> _EXERCISE DATA_

=== Begin Enclosure ===

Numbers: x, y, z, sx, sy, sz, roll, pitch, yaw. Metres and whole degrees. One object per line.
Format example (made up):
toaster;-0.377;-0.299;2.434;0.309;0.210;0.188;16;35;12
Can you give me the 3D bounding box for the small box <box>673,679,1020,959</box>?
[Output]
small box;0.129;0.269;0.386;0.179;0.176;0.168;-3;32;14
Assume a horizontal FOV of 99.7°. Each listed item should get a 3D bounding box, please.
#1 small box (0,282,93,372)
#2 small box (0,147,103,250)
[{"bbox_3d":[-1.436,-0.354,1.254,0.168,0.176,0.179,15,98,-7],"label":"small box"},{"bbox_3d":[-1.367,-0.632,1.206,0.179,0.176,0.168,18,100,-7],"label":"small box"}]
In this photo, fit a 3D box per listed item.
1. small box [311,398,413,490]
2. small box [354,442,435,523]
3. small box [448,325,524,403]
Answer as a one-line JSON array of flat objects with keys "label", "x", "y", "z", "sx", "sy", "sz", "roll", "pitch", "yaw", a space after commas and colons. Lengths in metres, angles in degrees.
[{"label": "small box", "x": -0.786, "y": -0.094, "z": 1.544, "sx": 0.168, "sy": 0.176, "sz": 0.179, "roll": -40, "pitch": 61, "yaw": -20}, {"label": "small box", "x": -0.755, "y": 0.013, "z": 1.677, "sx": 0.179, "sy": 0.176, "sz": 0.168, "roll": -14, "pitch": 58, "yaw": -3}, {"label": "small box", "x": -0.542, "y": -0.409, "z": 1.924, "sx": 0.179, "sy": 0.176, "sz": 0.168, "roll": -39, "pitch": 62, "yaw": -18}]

=== End Enclosure ===
=== Begin Enclosure ===

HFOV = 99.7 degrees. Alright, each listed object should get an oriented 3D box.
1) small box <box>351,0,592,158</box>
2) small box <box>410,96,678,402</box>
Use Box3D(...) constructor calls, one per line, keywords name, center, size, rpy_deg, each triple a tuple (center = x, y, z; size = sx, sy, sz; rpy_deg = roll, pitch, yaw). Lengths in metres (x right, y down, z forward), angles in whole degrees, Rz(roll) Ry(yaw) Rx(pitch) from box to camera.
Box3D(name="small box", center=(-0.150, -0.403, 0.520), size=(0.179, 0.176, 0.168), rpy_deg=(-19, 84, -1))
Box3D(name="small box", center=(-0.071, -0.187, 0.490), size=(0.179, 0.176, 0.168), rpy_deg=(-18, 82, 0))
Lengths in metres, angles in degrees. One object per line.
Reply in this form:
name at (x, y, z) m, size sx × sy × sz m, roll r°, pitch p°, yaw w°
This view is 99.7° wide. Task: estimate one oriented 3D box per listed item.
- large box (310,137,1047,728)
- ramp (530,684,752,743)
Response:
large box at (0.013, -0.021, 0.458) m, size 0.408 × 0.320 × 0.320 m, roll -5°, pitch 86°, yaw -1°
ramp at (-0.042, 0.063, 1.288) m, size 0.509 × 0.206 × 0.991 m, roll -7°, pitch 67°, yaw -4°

=== End Enclosure ===

> _ASSIGNED TASK_
All lines in the listing above between the line with "#2 small box (0,147,103,250)" and the line with "3. small box [448,325,524,403]", inclusive, should be set down exactly, and no line outside that range.

> _EXPECTED ANSWER_
#2 small box (0,147,103,250)
[{"bbox_3d":[-1.436,-0.354,1.254,0.168,0.176,0.179,15,98,-7],"label":"small box"},{"bbox_3d":[-1.367,-0.632,1.206,0.179,0.176,0.168,18,100,-7],"label":"small box"}]
In this photo, fit a 3D box per listed item.
1. small box [311,398,413,490]
2. small box [354,442,435,523]
3. small box [448,325,524,403]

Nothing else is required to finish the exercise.